As for other enemy encounters, here are some quick tips to help best some of the more annoying creatures in the game. For the leaping Stalfos (skeletons), keep swinging at them to back them into a wall or corner, then whale away at them without hesitation to keep them there. For the blue and red bumper squids (Hardhat Beetles) use your shield to "bounce" them back off of a ledge – resist the urge to use your sword, as it may bounce you off instead. The same thing goes for the rooms that fling floor tiles at you (Flying Tiles) – just back yourself into a wall and hold up your shield.
To avoid those statues that shoot beams out of their eyes (Beamos), use your shadow shimmy to stick to wall and mitigate damage entirely. When those giant hands come into play (Wallmasters), use the ice rod to drop an aerial beam onto them before they can even strike. Finally, the mouse mask enemies (Red and Green Goriya) can be a pain, but they actually mirror your movements – set up a bomb, and slowly walk them into it to make short work of them.
On the overworld, don't forget about the tack system, which allows you to mark certain key points on the map with a pin. It's handy for marking important locations that don't otherwise show up on the map, like fairy caves or treasure dungeons. You can even color code the pin heads to help organize your markers. Marking save points (which are now bird themed weather-vanes) is ideal until you unlock the fast travel system that uses said weather-vanes. If you see a sleeping bird, wake it up immediately – it means you don't have that save spot unlocked yet. Weather vanes tend to go crazy if you haven't saved in a while, so make sure you heed their warning. A Link Between Worlds
has no auto-save system – so if you forget to save after five hours, whatever you last manually saved is all you have.

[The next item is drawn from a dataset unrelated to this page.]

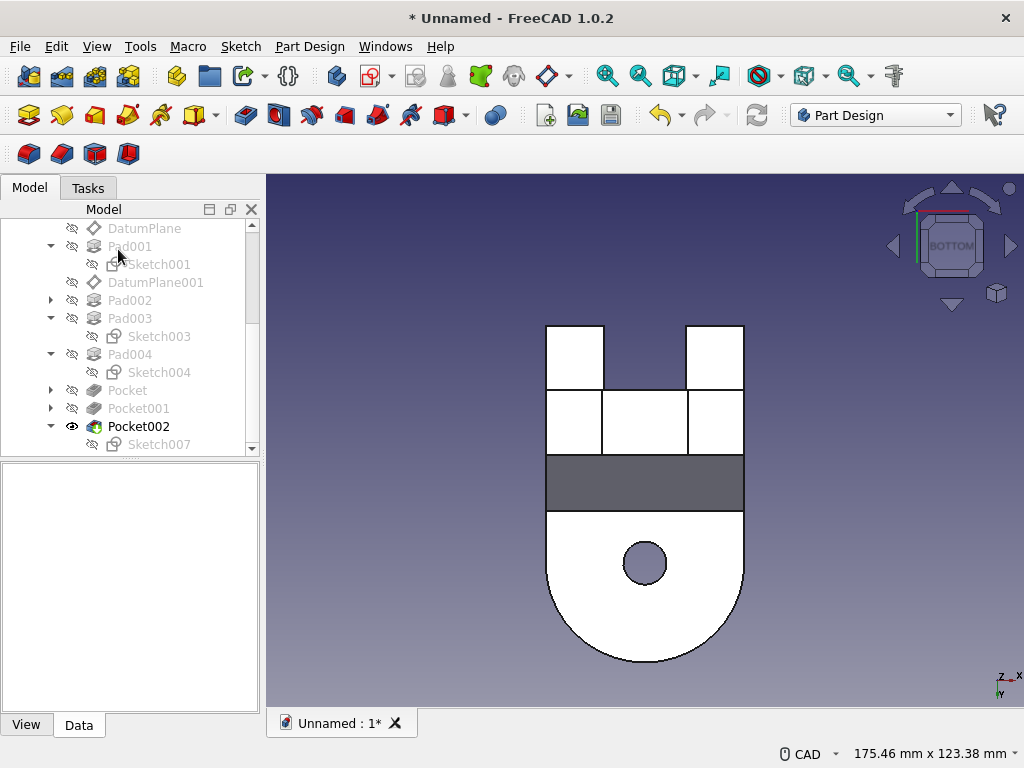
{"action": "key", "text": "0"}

As I mentioned before, A Link Between Worlds
has StreetPass functionality, but the NPC that unlocks it may tell you that your "StreetPass list is full." By now, you've probably acquired a number of games on your 3DS and didn't realize that there actually was a limit, but it is a thing that exists. To free up space, go to your 3DS' main menu, select "System Settings" then tap "Data Management," and finally "StreetPass Management." Now you can enable StreetPassing!
Once you beat A Link Between Worlds
, you'll unlock the traditional "Hero Mode," which increases the game's difficulty, so make sure and follow these tips if you want to save "Hy and Lo" Rule once and for all!